**What is expected**
Begin at the line containing "- Total width = 100 cm" in the entries below and end at the line containing "- Each record requires 2 cm"; transcribe that range exactly and nothing outside it.

Provided records section start

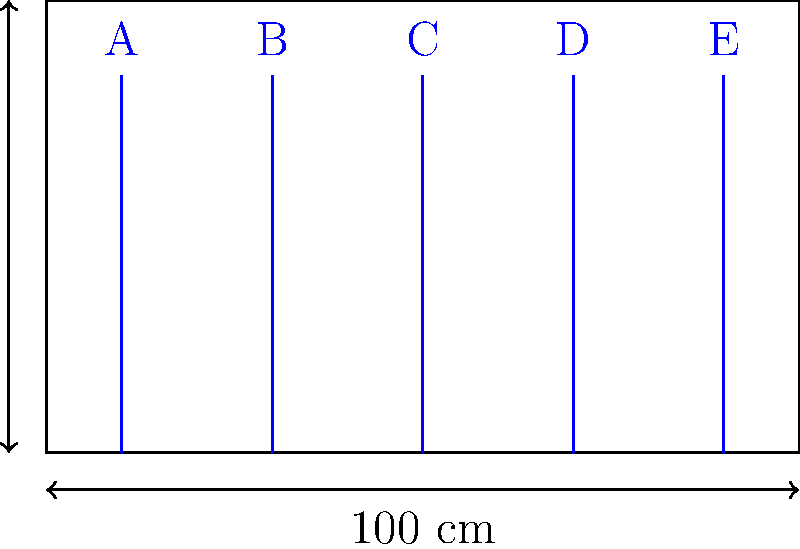A custom-built shelf for storing vinyl records measures 100 cm wide and 60 cm tall. If each record requires 2 cm of width for safe storage, and there's a 1 cm gap on each end of the shelf, what is the maximum number of records that can be stored while leaving at least 10 cm of vertical space for easy removal? Let's approach this step-by-step:

1. Calculate the available width for storing records:
   - Total width = 100 cm
   - Gaps on each end = 1 cm × 2 = 2 cm
   - Available width = 100 cm - 2 cm = 98 cm

2. Calculate the number of records that can fit horizontally:
   - Each record requires 2 cm
   - Number of records = Available width ÷ Width per record
   - Number of records = 98 cm ÷ 2 cm = 49 records

3. Check if there's enough vertical space:
   - Total height = 60 cm
   - Required space for easy removal = 10 cm
   - Available height for records = 60 cm - 10 cm = 50 cm

   Standard 12" vinyl records are approximately 30 cm in diameter, so 50 cm is sufficient for storing them vertically.

4. Verify the final count:
   The shelf can accommodate 49 records while meeting all the specified requirements.
Answer: 49 records

Provided records section end

**Answer area**
   - Total width = 100 cm
   - Gaps on each end = 1 cm × 2 = 2 cm
   - Available width = 100 cm - 2 cm = 98 cm

2. Calculate the number of records that can fit horizontally:
   - Each record requires 2 cm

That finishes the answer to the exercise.